In any case, the accretion disk is certainly related to the magnetic field of the $\beta $ Lyrae system. We found that variations of the field in sign and strength corresponded to variations in the disk structure, as it is inferred from photometry and spectroscopy. Also, a magnetized disk explains the observed jet-like outflow from the $\beta $ Lyrae system.

Key words: stars: individual: HD 174638 - stars: magnetic fields - stars: binaries: spectroscopic - stars: binaries: eclipsing - stars: chemically peculiar

1 Introduction

The spectroscopic and eclipsing binary system $\beta $ Lyrae shows a very complex behavior both from a photometric and a spectroscopic point of view (Sahade 1980; Harmanec et al. 2002). Visible light curves are characterized by a $\sim$1 mag deep primary minimum and a $\sim$0.4 mag secondary minimum. Usually this is explained assuming that the star which is in front at the primary minimum is larger and of smaller surface brightness than the star that is behind. In the case of $\beta $ Lyrae system, the cool star would have to be a F5 star, whose characteristic lines are not present in the spectrum and that is not visible in the near infrared. So the photometric behavior of $\beta $ Lyrae was understood only after Huang (1963) suggested that the more massive component is surrounded by a flat and opaque disk.

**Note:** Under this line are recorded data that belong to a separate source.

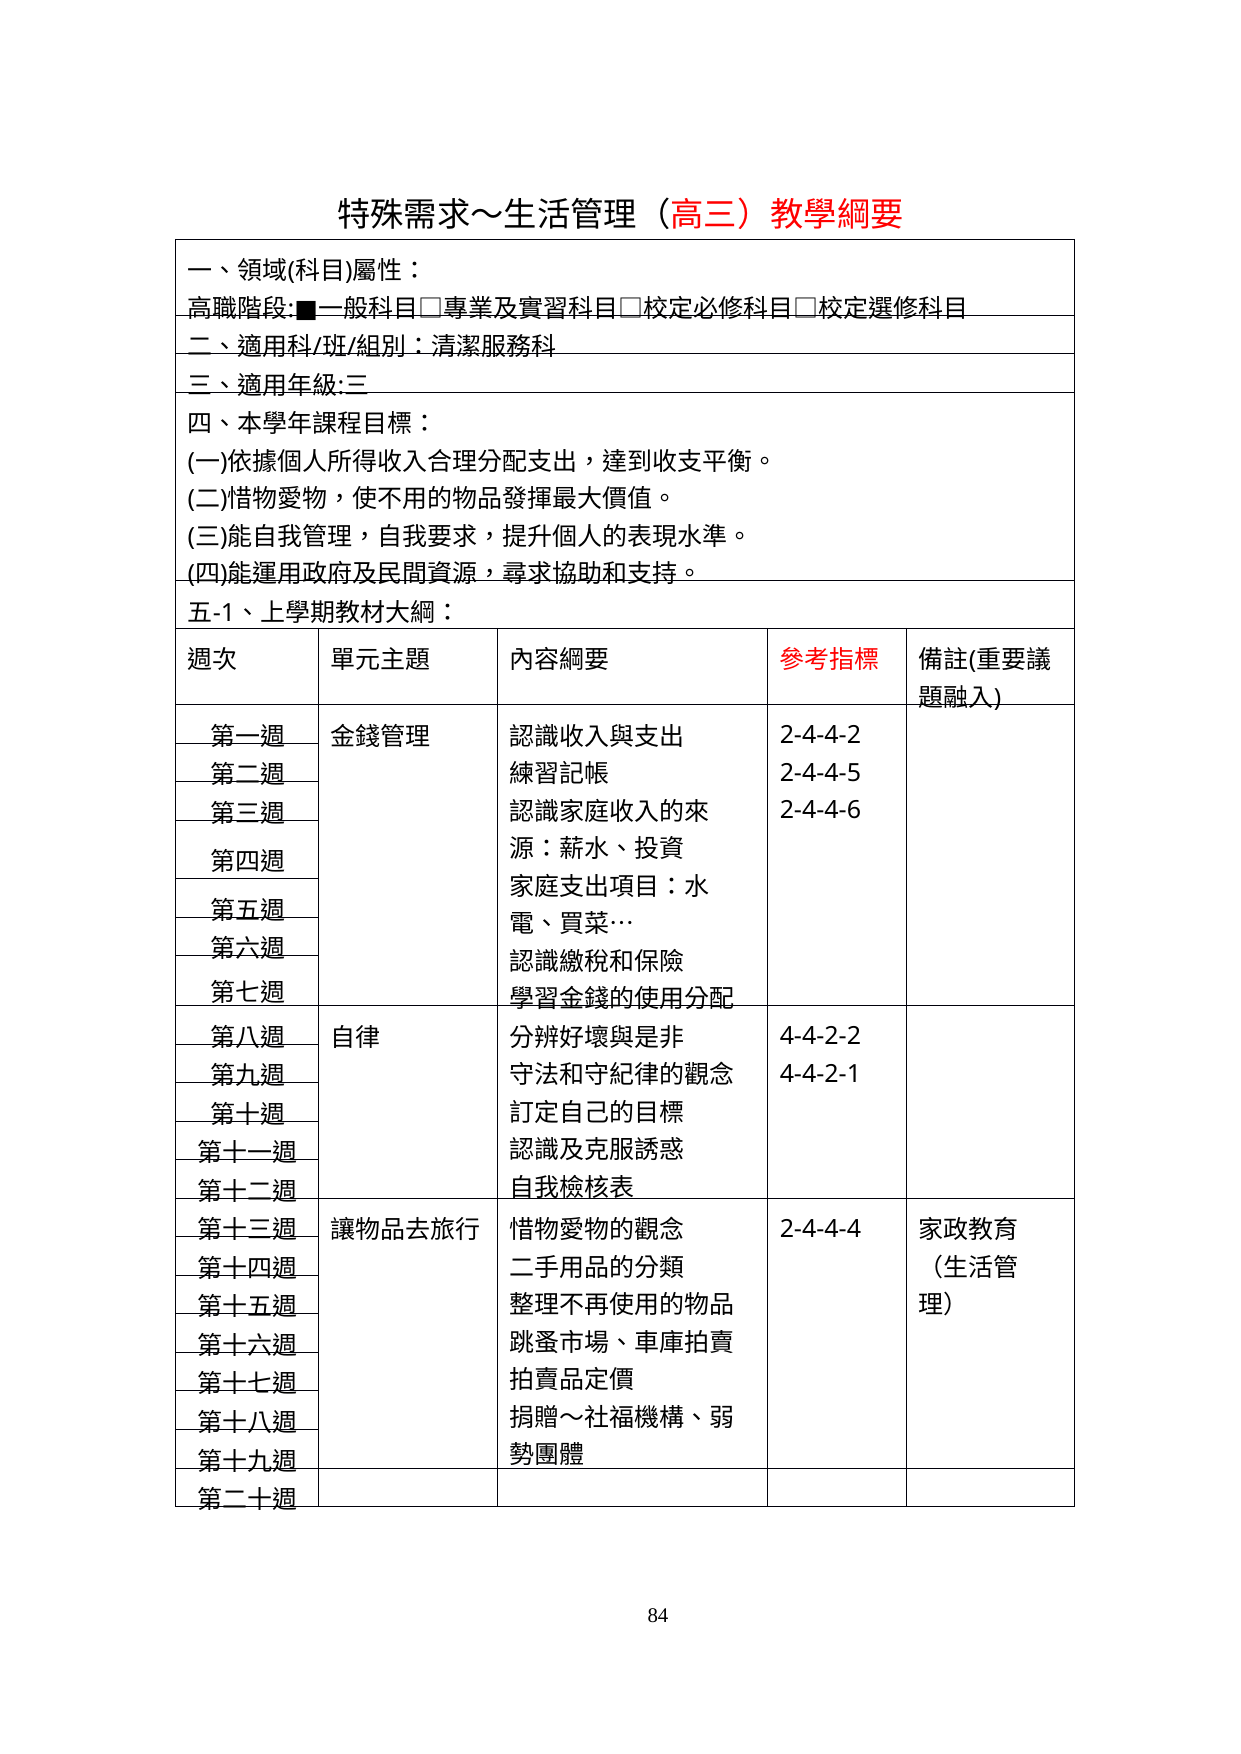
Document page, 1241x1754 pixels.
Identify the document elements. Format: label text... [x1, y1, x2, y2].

table_cell 第十三週 [176, 1199, 318, 1236]
table_cell 第四週 [176, 821, 318, 878]
table_cell 第十九週 [176, 1430, 318, 1467]
table_cell [907, 1006, 1074, 1198]
table_cell 四、本學年課程目標： (一)依據個人所得收入合理分配支出，達到收支平衡。 (二)惜物愛物，使不用的物品發揮最大價值。 (三)能自我管理，自我要求，提升個人的表現水準。 (四)能運用政府及民間資源，尋求協助和支持。 [176, 393, 1074, 580]
table_cell 第七週 [176, 956, 318, 1005]
table_cell 第二週 [176, 744, 318, 781]
table_cell 讓物品去旅行 [319, 1199, 497, 1467]
table_cell 第十八週 [176, 1391, 318, 1429]
table_cell 第十六週 [176, 1314, 318, 1352]
table_cell 第一週 [176, 705, 318, 742]
table_cell [498, 1469, 767, 1506]
table_cell 家政教育（生活管理） [907, 1199, 1074, 1467]
table_cell 第六週 [176, 918, 318, 955]
table_cell 內容綱要 [498, 629, 767, 704]
table_cell 三、適用年級:三 [176, 354, 1074, 392]
table_cell 2-4-4-4 [768, 1199, 906, 1467]
text 特殊需求～生活管理（高三）教學綱要 [187, 164, 1053, 239]
table_cell 第十七週 [176, 1353, 318, 1390]
table_cell 金錢管理 [319, 705, 497, 1005]
table_cell 第九週 [176, 1045, 318, 1082]
table_cell 2-4-4-2 2-4-4-5 2-4-4-6 [768, 705, 906, 1005]
table_cell 備註(重要議題融入) [907, 629, 1074, 704]
table_cell 4-4-2-2 4-4-2-1 [768, 1006, 906, 1198]
table_cell 第五週 [176, 879, 318, 917]
table_cell [319, 1469, 497, 1506]
table_cell 第十五週 [176, 1276, 318, 1313]
table_cell 第八週 [176, 1006, 318, 1043]
table_cell 自律 [319, 1006, 497, 1198]
table_cell [907, 705, 1074, 1005]
table_cell 第十週 [176, 1083, 318, 1121]
table_cell 分辨好壞與是非 守法和守紀律的觀念 訂定自己的目標 認識及克服誘惑 自我檢核表 [498, 1006, 767, 1198]
table_cell 第十一週 [176, 1122, 318, 1159]
table_cell [768, 1469, 906, 1506]
table_cell 週次 [176, 629, 318, 704]
table_cell 第三週 [176, 782, 318, 819]
table_cell [907, 1469, 1074, 1506]
table_cell 參考指標 [768, 629, 906, 704]
table_cell 單元主題 [319, 629, 497, 704]
table_cell 五-1、上學期教材大綱： [176, 581, 1074, 628]
table_cell 二、適用科/班/組別：清潔服務科 [176, 316, 1074, 353]
table_cell 認識收入與支出 練習記帳 認識家庭收入的來源：薪水、投資 家庭支出項目：水電、買菜… 認識繳稅和保險 學習金錢的使用分配 [498, 705, 767, 1005]
table_cell 惜物愛物的觀念 二手用品的分類 整理不再使用的物品 跳蚤市場、車庫拍賣 拍賣品定價 捐贈～社福機構、弱勢團體 [498, 1199, 767, 1467]
table_cell 第十二週 [176, 1160, 318, 1198]
table_header 一、領域(科目)屬性： 高職階段:■一般科目□專業及實習科目□校定必修科目□校定選修科目 [176, 240, 1074, 315]
table_cell 第二十週 [176, 1469, 318, 1506]
table_cell 第十四週 [176, 1237, 318, 1275]

The brightest component is a B6-8II star (Harmanec 1996) losing mass to a more massive star that Mazzali et al. (1992) classified as an early-B Main-Sequence (MS) star. Starting from the orbital solutions by Harmanec & Scholz (1993), Linnell & Hubeny (1996) found that the mass of the primary (brightest) and secondary components are 2.9 and 13.1 $M_{\odot}$respectively. Assuming that the secondary star is a MS star with a radius of 6 $R_{\odot}$, they modeled the light curves and found that the accretion disk has a radius of 30 $R_{\odot}$ and is 6 $R_{\odot}$ thick, and that the separation of the two components is 58.35 $R_{\odot}$.

The presence of a strong and large-scale organized magnetic field in the $\beta $ Lyrae system has been suggested from the pioneer spectropolarimetric observations by Babcock (1958) and then confirmed by Skulsky (1982).

We found there are several reasons to study the magnetic field of $\beta $ Lyrae. If the magnetic field we observe is really located on the brightest star, it would be the only known B-type giant star with a measurable magnetic field (Borra 1982). Interest in understanding the magnetic field of $\beta $ Lyrae system comes from the high energy phenomena: we know that this system is characterized by X-ray and radio emission (Berghofer & Schmitt 1994; Umana et al. 2000). Moreover, mass transfer and accretion disk could be very different than believed up till now, as they have been modeled neglecting the presence of such a strong magnetic field.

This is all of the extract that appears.